So, just today I installed the 1986 version of the rotor: ECH EP768 (https://www.napaonline.com/en/p/ECHEP768) and it works perfectly. It fits snugly on the shaft, the screw is the right size, and most importantly the rotor sits level. The car runs great on startup and I will have to run it around a bit yet to see if I notice anything different.


----------



## Car guy (Mar 31, 2016)

<the Shop Manual for the car>

What does the back of the SM show as the Publication # in the lower right corner?
What does it show the Edition to be?
And the Printing date to be?

<The difference in them besides the shaft is that the electronic wave converter in them behave differently from each other as mine, the older style, has less LED sensors than the later style does.>

There were RSB-03, RSB-06 and RSB-07 optical modules? Some had 3 diode pairings and some had just 2. 
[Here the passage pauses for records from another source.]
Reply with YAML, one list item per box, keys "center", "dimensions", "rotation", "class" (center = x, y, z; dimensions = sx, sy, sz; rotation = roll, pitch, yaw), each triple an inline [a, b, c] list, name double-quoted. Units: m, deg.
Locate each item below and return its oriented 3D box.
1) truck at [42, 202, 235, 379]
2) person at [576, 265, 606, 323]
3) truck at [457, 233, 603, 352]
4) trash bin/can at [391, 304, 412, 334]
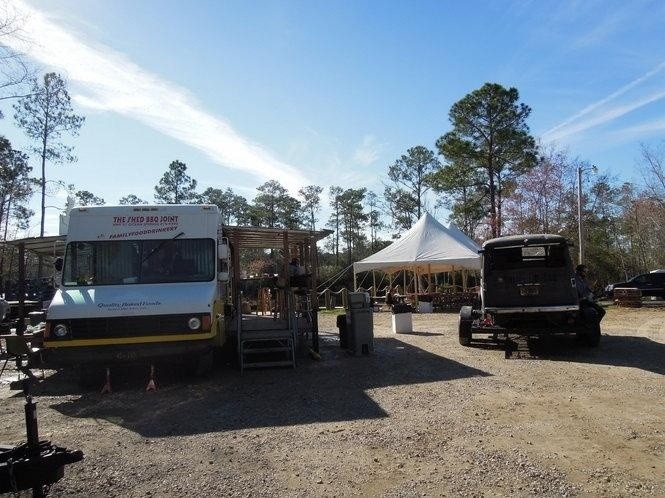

Congrats on finding the correct rotor. It looks similar to (or the same as) what went on the 22100-27M05 dizzies. 

Thanks for the update.


----------



## Sundermeyer (Sep 8, 2014)

Car guy said:


> <the Shop Manual for the car>
> 
> What does the back of the SM show as the Publication # in the lower right corner?
> What does it show the Edition to be?
> And the Printing date to be?


I bought the manual on eBay and so it was just a random thing about getting this particular version of the manual.

Edition: January 1986
Printing: January 1986 (01)
Publication No. SM7E-0B12U0

Printed in Japan


----------



## Car guy (Mar 31, 2016)

Okay, great; that was THE manual for the '87 year (all 3 engines i, S, and CD).


----------